GK0202 - Der Fluch der schwarzen Hand
Flammen im Kamin.
»Komm rein, und mach die Tür zu!« sagte Fatty.
Ritchie Parson gehorchte. Mit dem Fuß trat er die Tür ins Schloß. In seinen Augen stand ein seltsames Glitzern. Er riß die Verschnürung der Kapuze auf, streifte sie vom Kopf und schüttelte das lange braune Haar.
Ritchie Parson sah älter aus, als er in Wirklichkeit war. Man hätte ihn gut und gern auf fünfzehn Jahre geschätzt. Er war hochgewachsen, hatte ein schmales Gesicht und eine lange gerade Nase. Die Augenbrauen wuchsen in Nähe der Nasenwurzel fast zusammen und gaben dem jungen Gesicht einen etwas verschlagenen Ausdruck.
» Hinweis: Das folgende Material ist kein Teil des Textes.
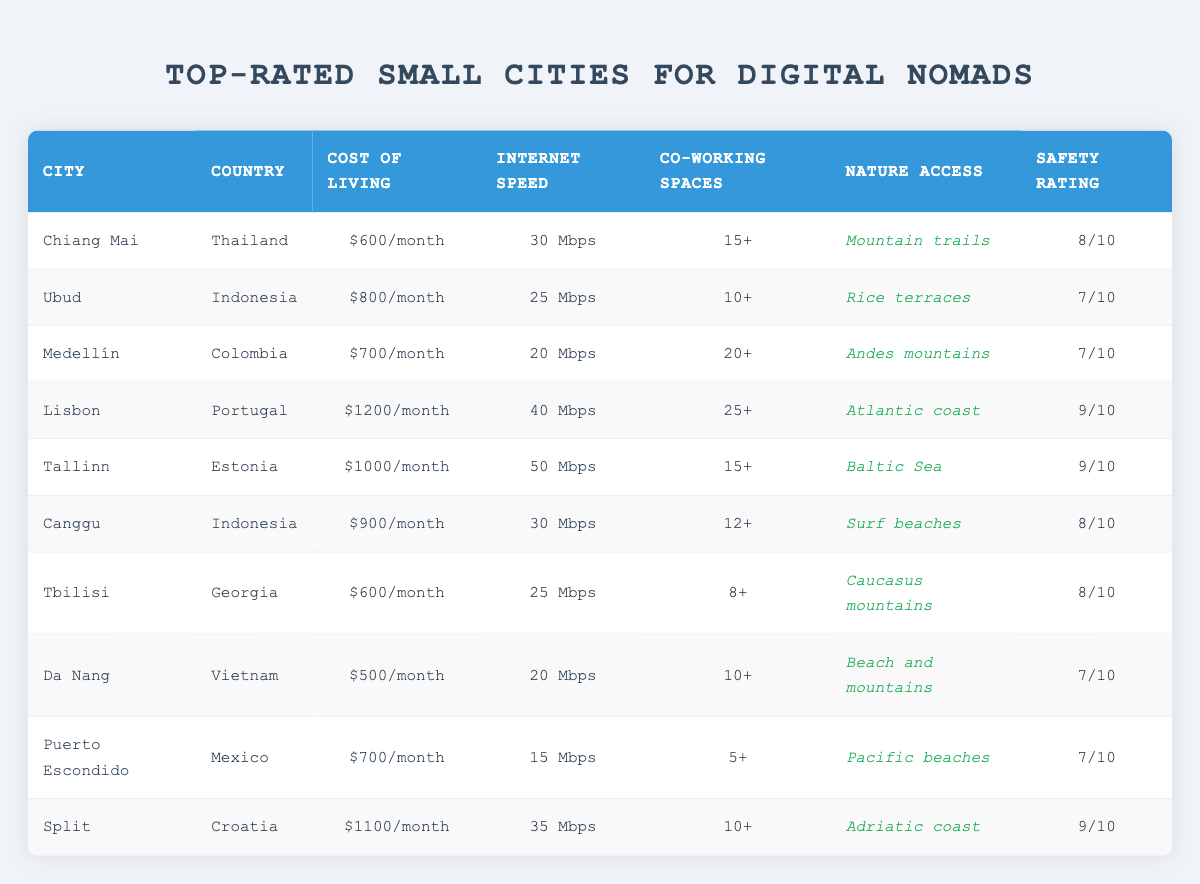What is the safety rating of Tbilisi? Tbilisi has a safety rating listed in the table as 8/10. I found this by locating the row for Tbilisi and reading the corresponding column for safety rating.
Answer: 8/10 How many co-working spaces are available in Lisbon? The table shows that Lisbon has 25+ co-working spaces. This is found by looking at the row for Lisbon and checking the co-working spaces column.
Answer: 25+ Which city has the highest internet speed? The city with the highest internet speed is Tallinn, which has 50 Mbps. This was determined by scanning the internet speed column and identifying the maximum value.
Answer: 50 Mbps What is the average cost of living for the cities listed? To calculate the average, first convert the costs into numerical values: 600, 800, 700, 1200, 1000, 900, 600, 500, 700, and 1100. Summing these gives 6100, and dividing by 10 (the number of cities) results in an average of 610.
Answer: $610/month Is the nature access in Da Nang more appealing than that in Puerto Escondido? Da Nang offers access to "Beach and mountains," while Puerto Escondido offers "Pacific beaches." This is subjective but suggests that both have attractive nature access. Thus, it can be argued that they are equally appealing depending on one's preferences.
Answer: Yes, depending on personal preference Which of these cities has the lowest cost of living and how does it compare to the highest? Da Nang has the lowest cost of living at $500/month, while Lisbon has the highest at $1200/month. The difference between them is $1200 - $500 = $700.
Answer: $500/month; $700 difference Which city has a lower safety rating: Ubud or Medellín? Ubud has a safety rating of 7/10, while Medellín also has a safety rating of 7/10. Comparing these two ratings shows that they are equal.
Answer: Neither; both have 7/10 If you had a budget of $800/month, which cities would you be able to live in? Only the cities with a cost of living of $800 or less would be suitable. By reviewing the cost of living column, I find that Chiang Mai ($600/month), Tbilisi ($600/month), and Da Nang ($500/month) meet this criterion.
Answer: Chiang Mai, Tbilisi, Da Nang Which city offers both high internet speed and a lower cost of living? I checked the cost of living against the internet speed in the table. Chiang Mai, with a cost of $600/month and internet speed of 30 Mbps, fits the criteria best.
Answer: Chiang Mai 
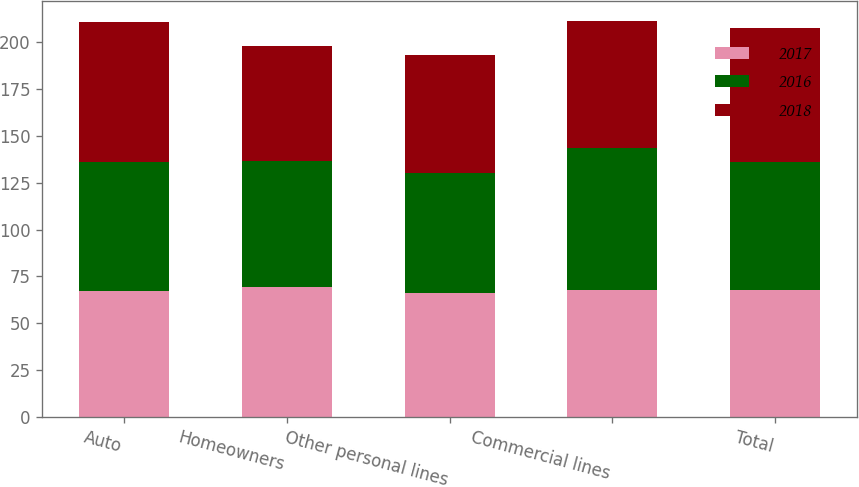<chart> <loc_0><loc_0><loc_500><loc_500><stacked_bar_chart><ecel><fcel>Auto<fcel>Homeowners<fcel>Other personal lines<fcel>Commercial lines<fcel>Total<nl><fcel>2017<fcel>67<fcel>69.5<fcel>66.2<fcel>68<fcel>68<nl><fcel>2016<fcel>68.9<fcel>67.2<fcel>64<fcel>75.5<fcel>68.3<nl><fcel>2018<fcel>74.7<fcel>61.3<fcel>62.9<fcel>68<fcel>71.2<nl></chart> 
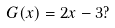Convert formula to latex. <formula><loc_0><loc_0><loc_500><loc_500>G ( x ) = 2 x - 3 ?</formula> 
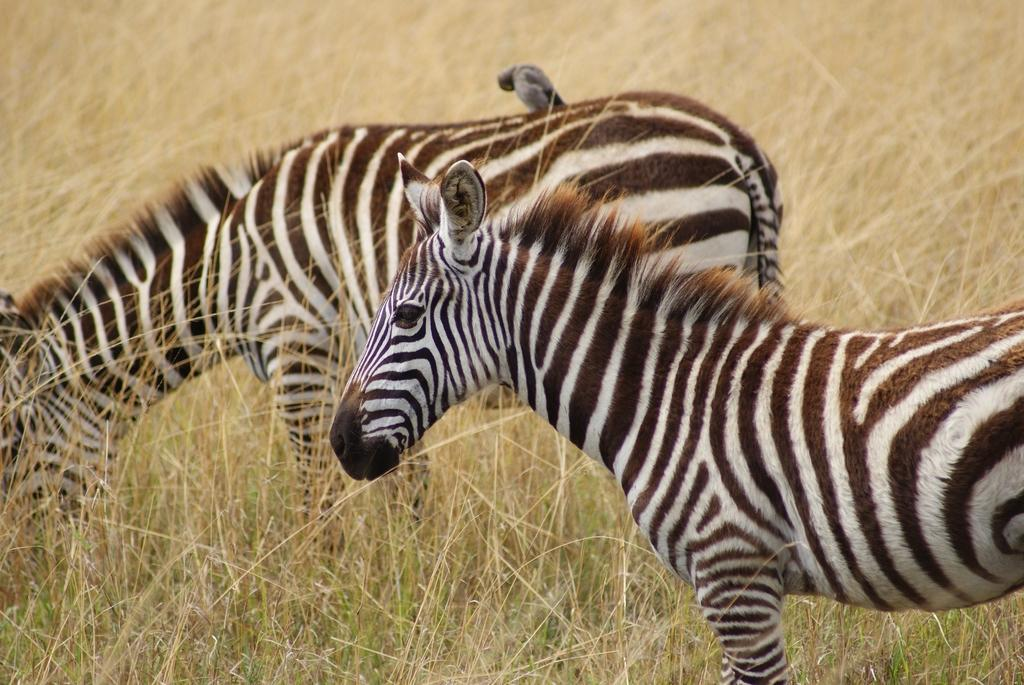How many zebras are in the image? There are two zebras in the image. What is the zebras' location in the image? The zebras are on the grass. Can you describe the possible setting of the image? The image may have been taken on a farm. What time of day might the image have been taken? The image may have been taken during the day. What type of apples are the zebras carrying on their journey in the image? There are no apples or journeys depicted in the image; it features two zebras on the grass. What type of work are the zebras engaged in during the image? There is no indication of work or any specific activity in the image; the zebras are simply on the grass. 
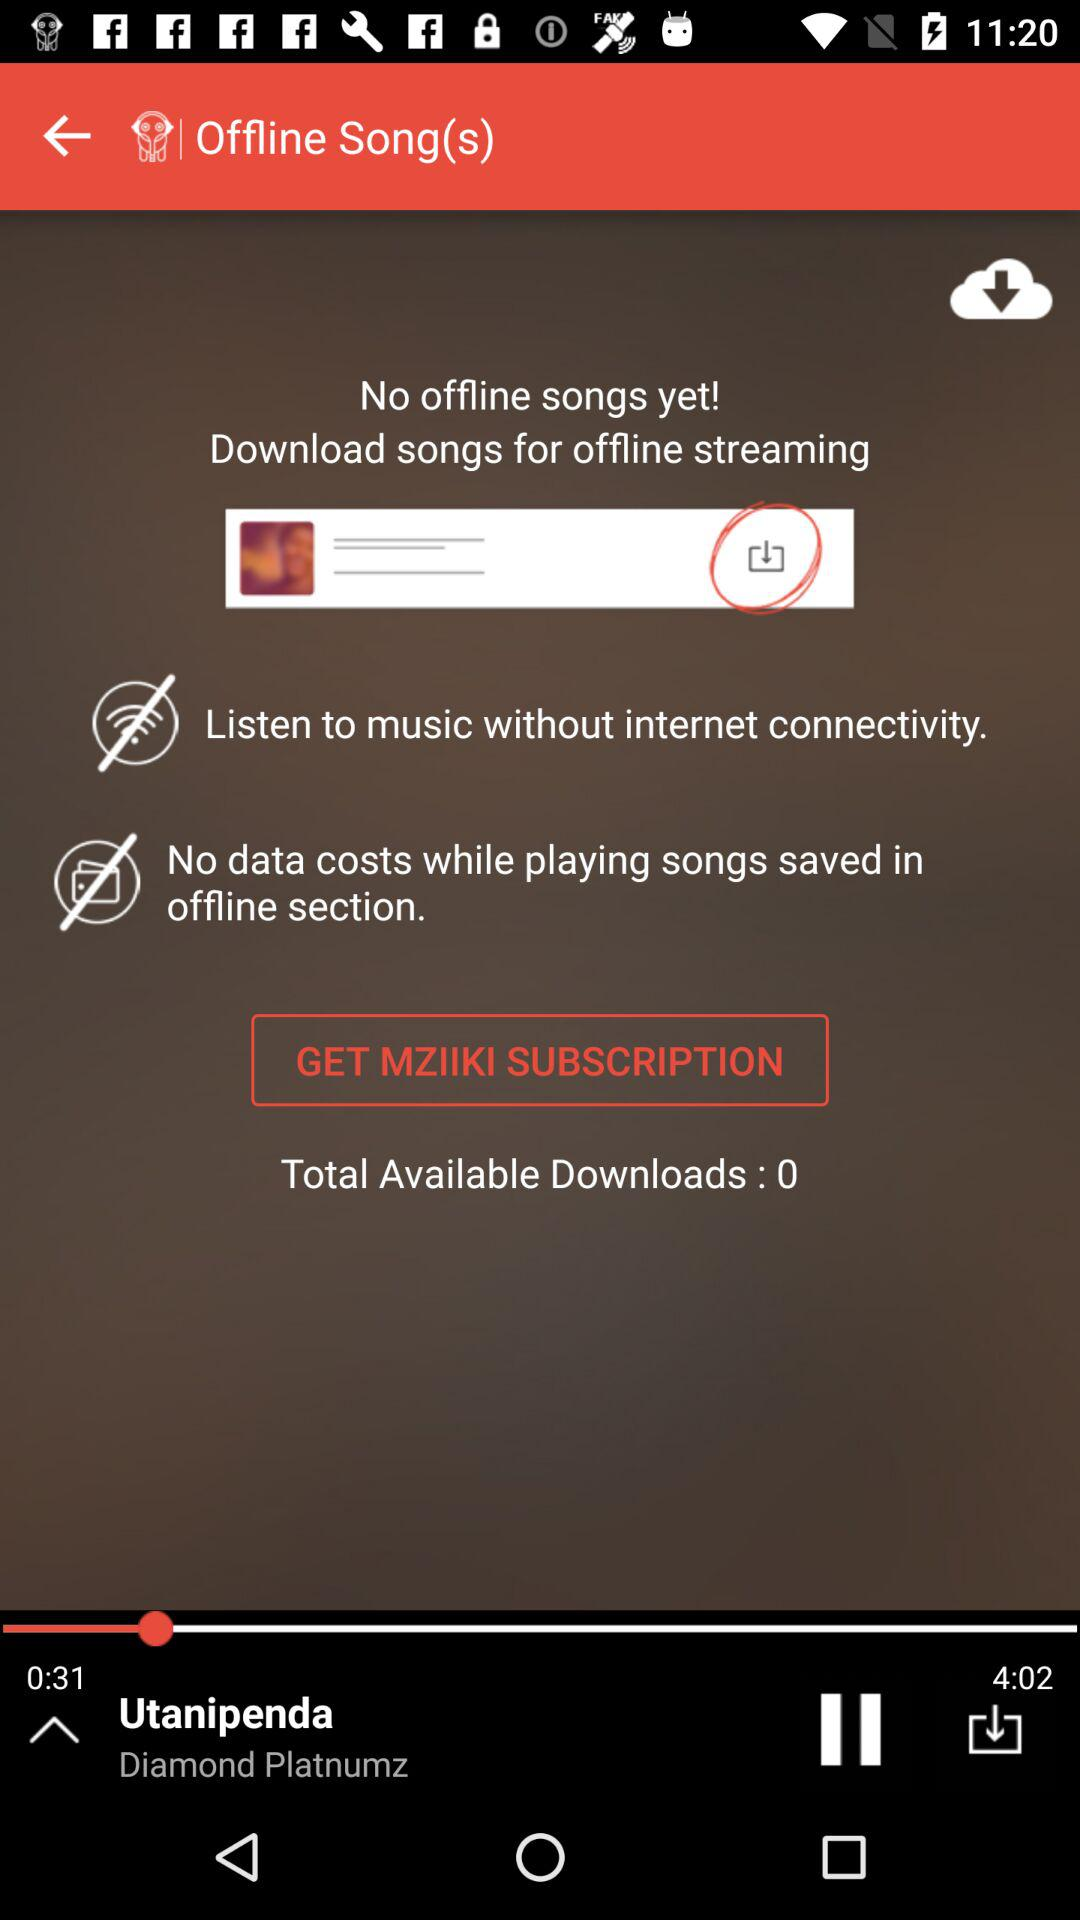What do we need to do for offline streaming? You need to download songs for offline streaming. 
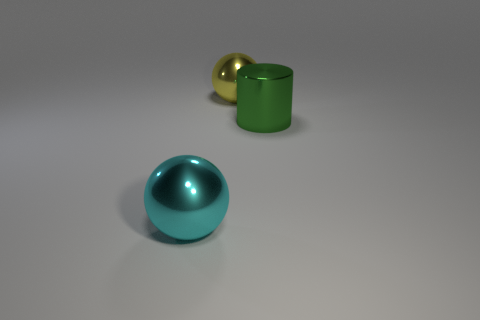Add 2 small yellow rubber blocks. How many objects exist? 5 Subtract all cylinders. How many objects are left? 2 Subtract 0 green cubes. How many objects are left? 3 Subtract all big yellow metal things. Subtract all large green cylinders. How many objects are left? 1 Add 2 large green objects. How many large green objects are left? 3 Add 3 big purple metal things. How many big purple metal things exist? 3 
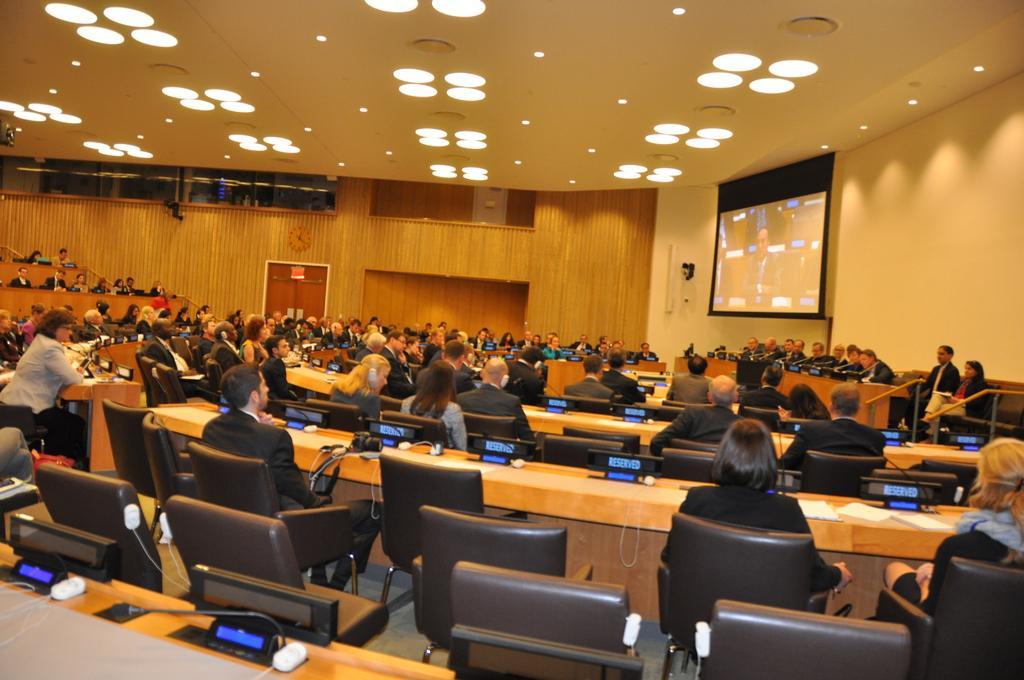Can you describe this image briefly? This is an image clicked inside the room. It seems to be like a seminar hall. There are number of chairs and tables hire. On the right side of the wall there is a screen. On the top of the image there are some lights. Everyone are sitting on the chairs and looking at the screen.

Mit der rechten Hand zog Ritchie den Reißverschluß seiner Jacke herunter.
Er trug noch einen langen, dunkelgrünen Pullover, der den Gürtel seiner Jeans verdeckte.
»Was willst du?« fragte der alte Fatty.
Ritchie grinste nur.
»Was du willst, habe ich dich gefragt!«
Der Junge sah sich um. »Dich einmal besuchen, Alter!«
Er sprach wie ein Erwachsener. Seine Stimme klang lauernd und kalt zugleich. Fast schien es, als spräche aus seinem Mund ein anderer.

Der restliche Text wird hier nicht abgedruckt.